Problem to solve: Starting at the top of the data and ending with the line that holds "truck (925, 467, 1178, 667)", transcribe each line exactly; include both ends.

════════

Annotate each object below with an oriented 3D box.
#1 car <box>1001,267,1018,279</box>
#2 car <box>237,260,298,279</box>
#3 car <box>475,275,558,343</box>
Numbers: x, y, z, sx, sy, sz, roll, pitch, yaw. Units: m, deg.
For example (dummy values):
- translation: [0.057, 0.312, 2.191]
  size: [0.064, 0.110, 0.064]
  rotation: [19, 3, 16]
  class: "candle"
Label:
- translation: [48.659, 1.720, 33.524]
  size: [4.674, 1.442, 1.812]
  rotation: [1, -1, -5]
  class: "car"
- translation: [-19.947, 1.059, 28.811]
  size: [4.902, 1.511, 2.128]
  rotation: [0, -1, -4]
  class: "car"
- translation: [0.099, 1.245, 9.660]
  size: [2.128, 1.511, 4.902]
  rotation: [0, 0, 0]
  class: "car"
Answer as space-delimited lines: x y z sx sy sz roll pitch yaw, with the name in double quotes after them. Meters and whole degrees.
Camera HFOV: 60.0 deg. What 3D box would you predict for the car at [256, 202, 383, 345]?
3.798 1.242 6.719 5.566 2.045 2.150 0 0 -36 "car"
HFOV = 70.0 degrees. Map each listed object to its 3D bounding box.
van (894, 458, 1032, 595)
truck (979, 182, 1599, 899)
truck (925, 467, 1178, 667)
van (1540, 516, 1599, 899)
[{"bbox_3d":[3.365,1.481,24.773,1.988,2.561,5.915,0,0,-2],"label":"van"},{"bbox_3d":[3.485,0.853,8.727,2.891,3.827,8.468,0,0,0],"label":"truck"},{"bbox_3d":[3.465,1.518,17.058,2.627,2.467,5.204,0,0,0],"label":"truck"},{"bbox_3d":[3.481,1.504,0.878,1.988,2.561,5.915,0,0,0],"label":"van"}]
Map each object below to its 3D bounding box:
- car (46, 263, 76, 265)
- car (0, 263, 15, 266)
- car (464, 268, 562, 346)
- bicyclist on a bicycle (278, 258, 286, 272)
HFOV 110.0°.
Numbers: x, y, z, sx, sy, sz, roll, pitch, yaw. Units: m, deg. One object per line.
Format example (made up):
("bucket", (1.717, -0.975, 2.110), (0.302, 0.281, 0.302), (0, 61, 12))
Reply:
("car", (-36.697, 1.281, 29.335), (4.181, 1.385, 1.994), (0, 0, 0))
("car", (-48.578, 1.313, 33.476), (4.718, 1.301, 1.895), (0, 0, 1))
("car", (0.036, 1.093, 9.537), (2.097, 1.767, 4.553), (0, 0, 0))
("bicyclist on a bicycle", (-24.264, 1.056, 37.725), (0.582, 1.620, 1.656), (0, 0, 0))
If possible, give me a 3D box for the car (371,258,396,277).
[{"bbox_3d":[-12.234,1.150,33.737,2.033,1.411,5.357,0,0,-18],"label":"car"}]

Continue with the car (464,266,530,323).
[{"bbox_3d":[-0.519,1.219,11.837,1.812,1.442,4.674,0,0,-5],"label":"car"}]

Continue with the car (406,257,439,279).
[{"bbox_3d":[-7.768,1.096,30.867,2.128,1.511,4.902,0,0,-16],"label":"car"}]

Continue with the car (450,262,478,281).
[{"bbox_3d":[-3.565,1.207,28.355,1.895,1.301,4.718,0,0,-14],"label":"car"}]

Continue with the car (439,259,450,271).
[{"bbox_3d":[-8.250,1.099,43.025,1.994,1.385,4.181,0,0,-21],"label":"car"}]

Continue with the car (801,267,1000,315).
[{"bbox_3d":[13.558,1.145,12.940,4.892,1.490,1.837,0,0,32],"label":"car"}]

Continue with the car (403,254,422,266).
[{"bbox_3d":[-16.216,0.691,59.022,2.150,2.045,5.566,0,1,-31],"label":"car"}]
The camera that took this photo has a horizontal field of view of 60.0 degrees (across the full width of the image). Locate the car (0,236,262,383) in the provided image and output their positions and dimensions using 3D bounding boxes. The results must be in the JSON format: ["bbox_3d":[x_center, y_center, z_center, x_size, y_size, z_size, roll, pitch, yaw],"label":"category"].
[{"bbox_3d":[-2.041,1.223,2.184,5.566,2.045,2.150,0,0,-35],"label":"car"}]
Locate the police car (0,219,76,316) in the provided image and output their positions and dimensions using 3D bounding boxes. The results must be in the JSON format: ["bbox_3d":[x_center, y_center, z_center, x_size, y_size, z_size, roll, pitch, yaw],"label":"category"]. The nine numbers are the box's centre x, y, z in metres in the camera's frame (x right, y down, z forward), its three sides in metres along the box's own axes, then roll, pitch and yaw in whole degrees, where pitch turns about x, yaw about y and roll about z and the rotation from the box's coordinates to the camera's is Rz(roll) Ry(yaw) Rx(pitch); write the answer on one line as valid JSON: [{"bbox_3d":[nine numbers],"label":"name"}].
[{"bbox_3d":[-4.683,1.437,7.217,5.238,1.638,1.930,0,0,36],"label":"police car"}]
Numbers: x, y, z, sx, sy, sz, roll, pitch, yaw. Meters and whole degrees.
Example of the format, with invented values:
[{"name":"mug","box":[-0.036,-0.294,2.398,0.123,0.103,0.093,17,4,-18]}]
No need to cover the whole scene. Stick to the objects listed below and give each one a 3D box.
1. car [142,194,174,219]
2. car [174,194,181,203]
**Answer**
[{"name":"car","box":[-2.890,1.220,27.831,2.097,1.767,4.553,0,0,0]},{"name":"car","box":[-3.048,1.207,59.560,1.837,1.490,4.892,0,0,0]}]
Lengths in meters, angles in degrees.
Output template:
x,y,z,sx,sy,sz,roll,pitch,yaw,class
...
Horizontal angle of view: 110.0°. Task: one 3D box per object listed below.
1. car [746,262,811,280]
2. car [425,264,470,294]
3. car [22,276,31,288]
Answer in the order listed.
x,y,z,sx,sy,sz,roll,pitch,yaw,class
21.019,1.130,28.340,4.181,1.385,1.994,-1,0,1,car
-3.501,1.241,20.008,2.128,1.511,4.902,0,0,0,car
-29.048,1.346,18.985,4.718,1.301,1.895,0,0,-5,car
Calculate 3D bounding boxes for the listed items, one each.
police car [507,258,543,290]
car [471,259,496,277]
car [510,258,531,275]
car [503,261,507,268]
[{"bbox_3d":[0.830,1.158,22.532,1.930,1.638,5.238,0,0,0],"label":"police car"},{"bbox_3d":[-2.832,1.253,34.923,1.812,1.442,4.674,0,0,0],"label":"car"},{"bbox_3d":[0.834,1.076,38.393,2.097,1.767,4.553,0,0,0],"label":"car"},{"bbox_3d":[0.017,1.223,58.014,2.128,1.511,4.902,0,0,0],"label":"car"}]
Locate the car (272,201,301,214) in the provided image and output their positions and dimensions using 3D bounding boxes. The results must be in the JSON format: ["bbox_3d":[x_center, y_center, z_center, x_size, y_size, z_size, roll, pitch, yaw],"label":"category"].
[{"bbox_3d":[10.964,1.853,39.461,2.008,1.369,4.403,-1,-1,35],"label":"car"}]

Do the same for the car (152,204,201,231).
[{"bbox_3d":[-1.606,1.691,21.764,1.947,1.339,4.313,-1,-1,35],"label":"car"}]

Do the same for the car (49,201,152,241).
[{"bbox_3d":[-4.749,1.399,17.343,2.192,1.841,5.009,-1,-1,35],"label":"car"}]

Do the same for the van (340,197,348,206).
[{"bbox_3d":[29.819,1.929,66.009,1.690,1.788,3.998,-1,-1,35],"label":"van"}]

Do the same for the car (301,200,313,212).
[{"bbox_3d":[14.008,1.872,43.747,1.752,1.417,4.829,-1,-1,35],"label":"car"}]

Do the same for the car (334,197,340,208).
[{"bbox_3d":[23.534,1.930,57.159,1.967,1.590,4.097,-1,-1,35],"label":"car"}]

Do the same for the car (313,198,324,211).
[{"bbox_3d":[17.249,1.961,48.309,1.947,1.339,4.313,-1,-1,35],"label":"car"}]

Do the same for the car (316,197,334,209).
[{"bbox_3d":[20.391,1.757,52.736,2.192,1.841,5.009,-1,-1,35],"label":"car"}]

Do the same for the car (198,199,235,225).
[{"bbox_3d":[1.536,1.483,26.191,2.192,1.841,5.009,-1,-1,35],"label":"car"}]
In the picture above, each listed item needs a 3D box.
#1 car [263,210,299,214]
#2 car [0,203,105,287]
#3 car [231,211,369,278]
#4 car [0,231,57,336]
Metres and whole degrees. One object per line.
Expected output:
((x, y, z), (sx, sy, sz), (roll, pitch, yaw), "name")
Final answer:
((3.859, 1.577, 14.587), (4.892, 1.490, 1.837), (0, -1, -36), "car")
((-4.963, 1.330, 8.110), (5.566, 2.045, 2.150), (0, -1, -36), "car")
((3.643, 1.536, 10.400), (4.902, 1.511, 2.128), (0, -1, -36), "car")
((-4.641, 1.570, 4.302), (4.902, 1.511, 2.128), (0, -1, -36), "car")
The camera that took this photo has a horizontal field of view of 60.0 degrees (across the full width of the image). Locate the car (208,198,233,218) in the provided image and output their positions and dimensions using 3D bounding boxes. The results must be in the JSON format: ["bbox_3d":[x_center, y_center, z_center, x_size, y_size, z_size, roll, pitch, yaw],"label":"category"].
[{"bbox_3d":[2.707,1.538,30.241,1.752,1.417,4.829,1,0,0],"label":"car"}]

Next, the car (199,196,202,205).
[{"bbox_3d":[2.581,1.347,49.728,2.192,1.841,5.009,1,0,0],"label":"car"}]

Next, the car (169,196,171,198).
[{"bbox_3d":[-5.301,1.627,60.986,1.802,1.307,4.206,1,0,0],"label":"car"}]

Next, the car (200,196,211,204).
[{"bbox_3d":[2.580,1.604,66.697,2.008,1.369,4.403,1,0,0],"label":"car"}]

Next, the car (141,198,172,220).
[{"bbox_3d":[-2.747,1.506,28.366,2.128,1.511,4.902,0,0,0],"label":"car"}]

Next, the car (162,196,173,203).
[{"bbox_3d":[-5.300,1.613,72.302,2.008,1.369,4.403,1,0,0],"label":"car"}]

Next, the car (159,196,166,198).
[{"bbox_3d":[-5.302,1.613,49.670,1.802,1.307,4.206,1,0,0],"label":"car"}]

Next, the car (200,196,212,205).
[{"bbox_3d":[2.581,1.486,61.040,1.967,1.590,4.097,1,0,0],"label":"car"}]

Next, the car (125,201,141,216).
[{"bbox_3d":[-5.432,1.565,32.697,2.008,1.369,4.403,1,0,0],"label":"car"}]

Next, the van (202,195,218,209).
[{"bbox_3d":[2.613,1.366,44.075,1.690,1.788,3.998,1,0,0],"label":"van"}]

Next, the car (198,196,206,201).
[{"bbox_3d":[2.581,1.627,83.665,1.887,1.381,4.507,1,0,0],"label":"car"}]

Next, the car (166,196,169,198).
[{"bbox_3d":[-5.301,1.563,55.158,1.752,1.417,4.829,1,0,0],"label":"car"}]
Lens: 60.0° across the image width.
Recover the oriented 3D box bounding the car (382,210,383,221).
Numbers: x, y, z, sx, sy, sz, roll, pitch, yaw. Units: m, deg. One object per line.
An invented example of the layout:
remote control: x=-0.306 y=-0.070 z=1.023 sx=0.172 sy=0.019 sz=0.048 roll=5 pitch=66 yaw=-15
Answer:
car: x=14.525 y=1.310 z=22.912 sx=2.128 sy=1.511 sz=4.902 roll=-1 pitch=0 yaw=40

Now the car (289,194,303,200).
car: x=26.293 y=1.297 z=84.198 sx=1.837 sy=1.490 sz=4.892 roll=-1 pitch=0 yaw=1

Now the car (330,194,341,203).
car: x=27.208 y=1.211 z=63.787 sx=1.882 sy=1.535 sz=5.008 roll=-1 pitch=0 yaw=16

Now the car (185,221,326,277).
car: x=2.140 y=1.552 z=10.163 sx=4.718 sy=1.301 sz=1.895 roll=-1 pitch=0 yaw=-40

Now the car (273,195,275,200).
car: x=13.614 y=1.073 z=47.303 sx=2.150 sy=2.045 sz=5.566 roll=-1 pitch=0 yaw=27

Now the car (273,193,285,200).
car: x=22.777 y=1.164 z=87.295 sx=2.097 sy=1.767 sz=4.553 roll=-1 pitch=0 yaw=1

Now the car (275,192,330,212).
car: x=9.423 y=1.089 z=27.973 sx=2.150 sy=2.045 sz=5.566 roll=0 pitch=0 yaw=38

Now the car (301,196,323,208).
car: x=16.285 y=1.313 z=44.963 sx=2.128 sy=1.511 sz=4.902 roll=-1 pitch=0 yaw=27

════════

Problem solution:
Annotate each object below with an oriented 3D box.
#1 car <box>1001,267,1018,279</box>
#2 car <box>237,260,298,279</box>
#3 car <box>475,275,558,343</box>
Numbers: x, y, z, sx, sy, sz, roll, pitch, yaw. Units: m, deg.
For example (dummy values):
- translation: [0.057, 0.312, 2.191]
  size: [0.064, 0.110, 0.064]
  rotation: [19, 3, 16]
  class: "candle"
Label:
- translation: [48.659, 1.720, 33.524]
  size: [4.674, 1.442, 1.812]
  rotation: [1, -1, -5]
  class: "car"
- translation: [-19.947, 1.059, 28.811]
  size: [4.902, 1.511, 2.128]
  rotation: [0, -1, -4]
  class: "car"
- translation: [0.099, 1.245, 9.660]
  size: [2.128, 1.511, 4.902]
  rotation: [0, 0, 0]
  class: "car"
Answer as space-delimited lines: x y z sx sy sz roll pitch yaw, with the name in double quotes after them. Meters and whole degrees.
Camera HFOV: 60.0 deg. What 3D box would you predict for the car at [256, 202, 383, 345]?
3.798 1.242 6.719 5.566 2.045 2.150 0 0 -36 "car"
HFOV = 70.0 degrees. Map each listed object to its 3D bounding box.
van (894, 458, 1032, 595)
truck (979, 182, 1599, 899)
truck (925, 467, 1178, 667)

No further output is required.